不過了解並不代表你能夠輕易進入那個圈子,那是個復雜紊亂得足以超越安德爾河邊的海納安德爾迷宮(世界上最大的植物迷宮)的鬼地方,你永遠都不明白他們要的是什麼——極其經常性的,你擁有了財富,卻發現他們需要的是名譽,等你有了名譽,他們卻向你索要權力,你好不容易弄到了權力,又發現他們更注重聲望,等你往各種各樣的慈善基金會里面扔足了錢,很遺憾,你還缺少歷史,好吧,也許你能從你家的閣樓里翻出有關于祖輩的記載,但那真是太糟糕了,你的祖父居然是個旅店商人,而你的祖母只是個農家女,你的曾曾曾祖父居然還曾經是個被吊死的賊。
最後一個問題看起來是挺讓人絕望的,不過也並非無法可解,譬如說,你可以娶一個有著顯赫姓氏的妻子。這是之前大部分人選擇的方法,而近幾十年來又有了全新的,看起來相當可行的一條路徑——那就是秘密精英社團。

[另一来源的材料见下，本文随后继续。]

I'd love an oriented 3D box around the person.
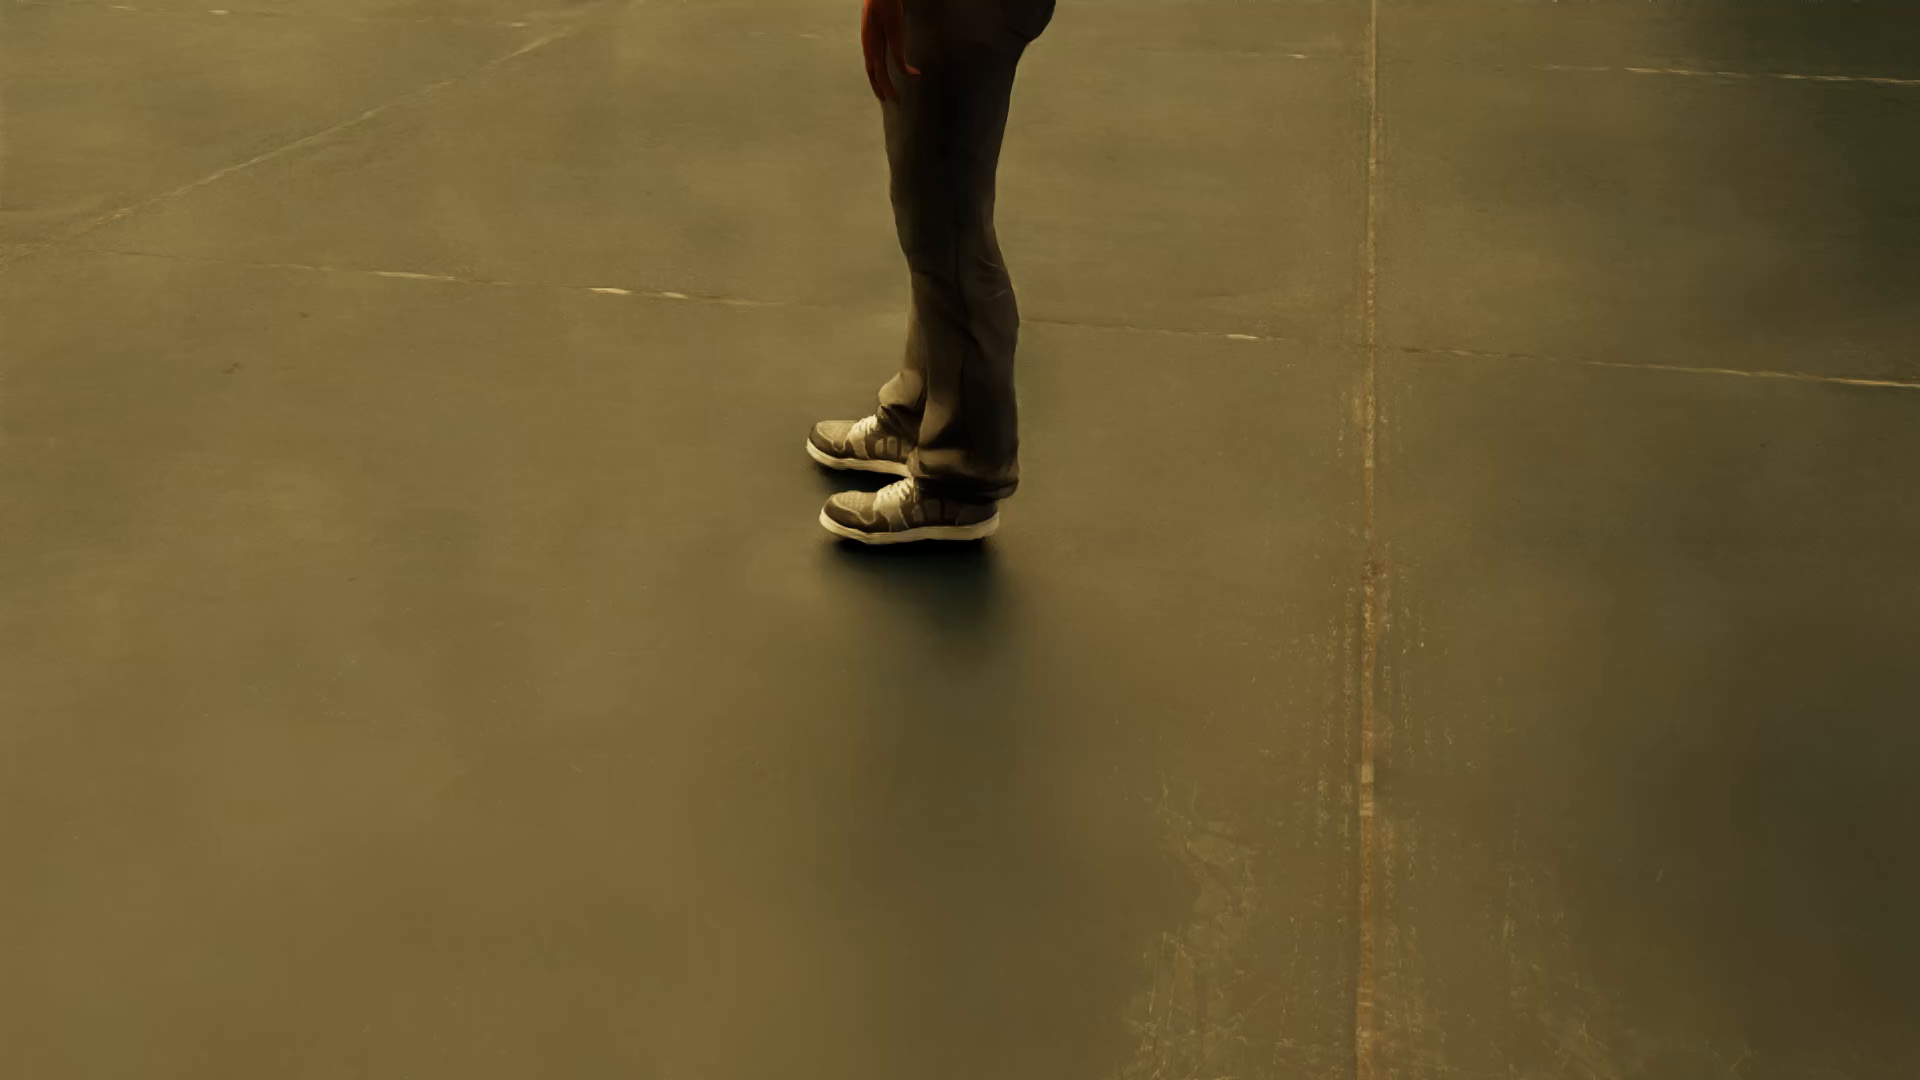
[{"bbox_3d":[-0.069,-0.733,2.164,0.474,1.597,0.521,6,27,11],"label":"person"}]

每個大學都有不下百來十個社團,但只有寥寥幾個歷史悠久,實力雄厚的大學才有所謂的秘密精英社團,能夠踏入此類社團大門的學生在今後的幾十年里幾乎個個都站在西大陸經濟與政治權力金字塔的塔尖上,而他們的席位也可以說基本都是世襲的,父母對父母,孩子對孩子,如果他們有個簽到簿的話,你會發現里面的大部分姓氏都是重復的——但他們也很注意引進新血,每年總有那麼幾個幸運兒被引入社團,在經過一系列的測試與考驗,以及戲弄與利用之後,還能夠保持住自我,並得到絕大多數人贊許的人就能夠被初步認可,最初的時候,他們或許得不到什麼明顯的好處,甚至可能會被視為踏腳石或是更好點的——僕人,但這是一個機會,西大陸的上層並不是一成不變的,那是一個相當殘酷與現實的地方,失去活力與精力的老枝會被剪掉,他們的位置將被生機勃勃的新人頂替。幸運的話,說不定只需要一兩代人,比桑地家族就能在西大陸站穩並佔據一席之地。
這正是切加勒.比桑地所期望的。
所以,別西卜.比桑地的紀錄必須非常漂亮,漂亮到讓人難以忽視——至于下面有什麼動作,哦,霍普金斯醫生覺得某本娛樂性小說的作者說的很不錯︰「沒有證據的罪行就是不存在的。」
***
「把這個送到祭壇上去,」海曼說,無視于驚呼的修士與修女們,他展開手掌,掌心里是枚異常新鮮的眼球︰「這是我的奉獻。」
(待續)
什麼也不說了,游下去繼續碼……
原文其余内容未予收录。